1 minute read

Fully Connected Layer

The most naive approach to process an image is to flatten all of its pixels into a vector and feed it into a fully connected layer.

Pros:

  • Very easy and straightforward to implement.

Cons:

  • It does not take into account spatial information of the pixels, i.e., each pixel is treated as an independent feature.
  • The number of parameters grows quadratically with the image size. For example, a 224x224 RGB image has already consumes 150k parameters.

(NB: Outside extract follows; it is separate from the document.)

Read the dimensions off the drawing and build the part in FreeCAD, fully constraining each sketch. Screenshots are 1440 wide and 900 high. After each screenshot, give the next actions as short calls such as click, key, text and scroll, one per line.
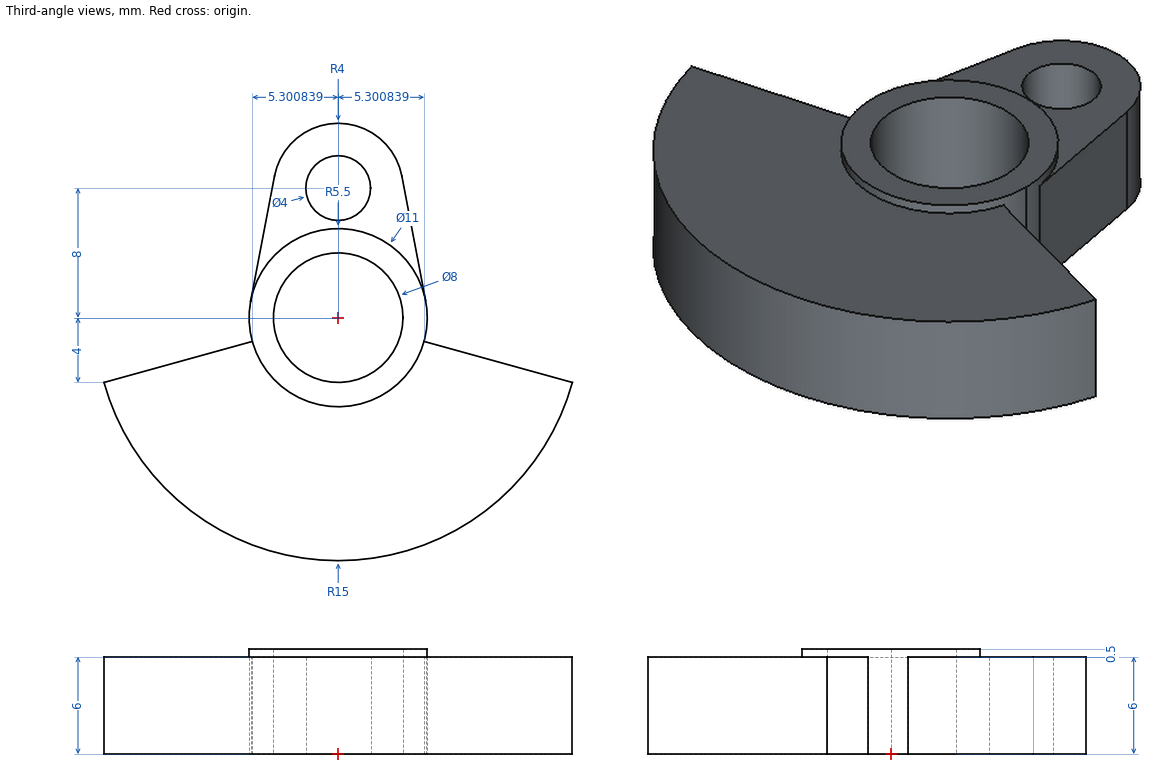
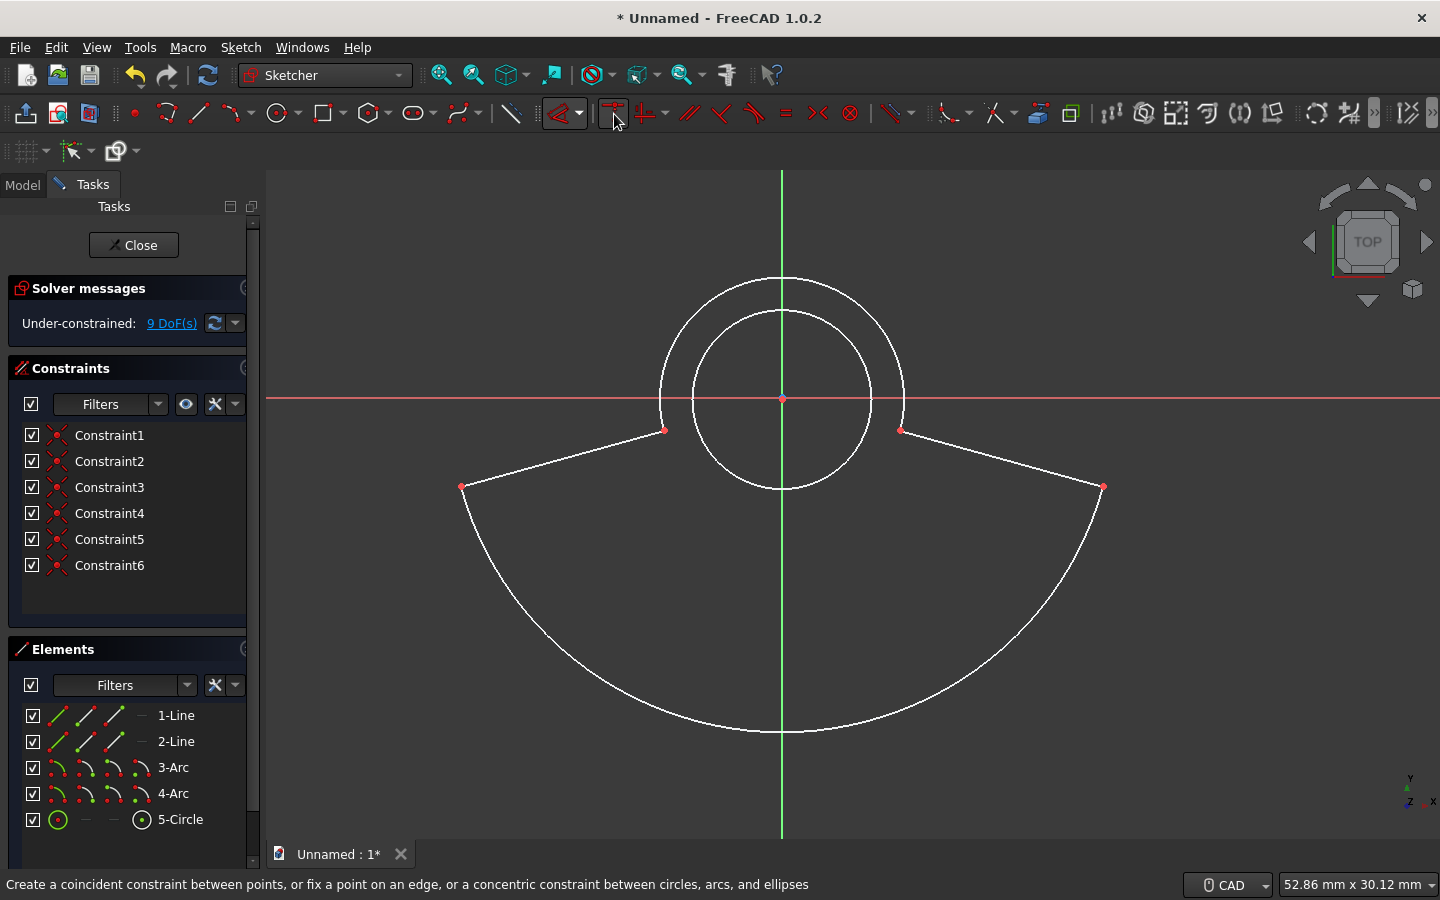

Convolutional Neural Network

CNN has been around since 1998. The main idea of CNN is the filter/kernel that is applied for each patch of the image. This filter is shared across the entire image. The value of the filter is learned during training.

cnn

Pros:

  • It takes into account spatial information of the pixels due to the convolution operation.
  • The number of parameters is controlled by the filter size and the number of filter, which is independent of the image size.

Cons:

  • Cannot capture long-range dependencies between pixels that are located faraway (depending on the filter size).

Vision Transformer

After the booming of transformer in NLP, it is also adopted to the vision domain. The first work that introduces it is ViT. The main idea is to treat the image as a sequence of patches. Each patch is flattened into a vector and fed into a transformer encoder.

vit

Pros:

  • It can capture long-range dependencies between pixels because each pixel can attend to every other pixel.

Cons:

  • It inherits the computational limitation of transformers in which the computational cost grows quadratically with the sequence length.
  • Transformer lacks inductive biases inherent to CNN, such as translation equivariance and locality.

Swin Transformer

Motivated by the problems in ViT, Swin-ViT proposes a new architecture that combines the best of both worlds. The main idea is to perform the self-attention mechanism but only on patches of the image instead of the whole image as in ViT. This way the computational cost does not grow quadratically with the image size. Moreover, this also introduce back the inductive biases that are inherent to CNN.

swin

Pros:

  • Significantly lower number of parameters compared to ViT, but achieves better performance.

Cons:

  • The computational cost is still high compared to CNN.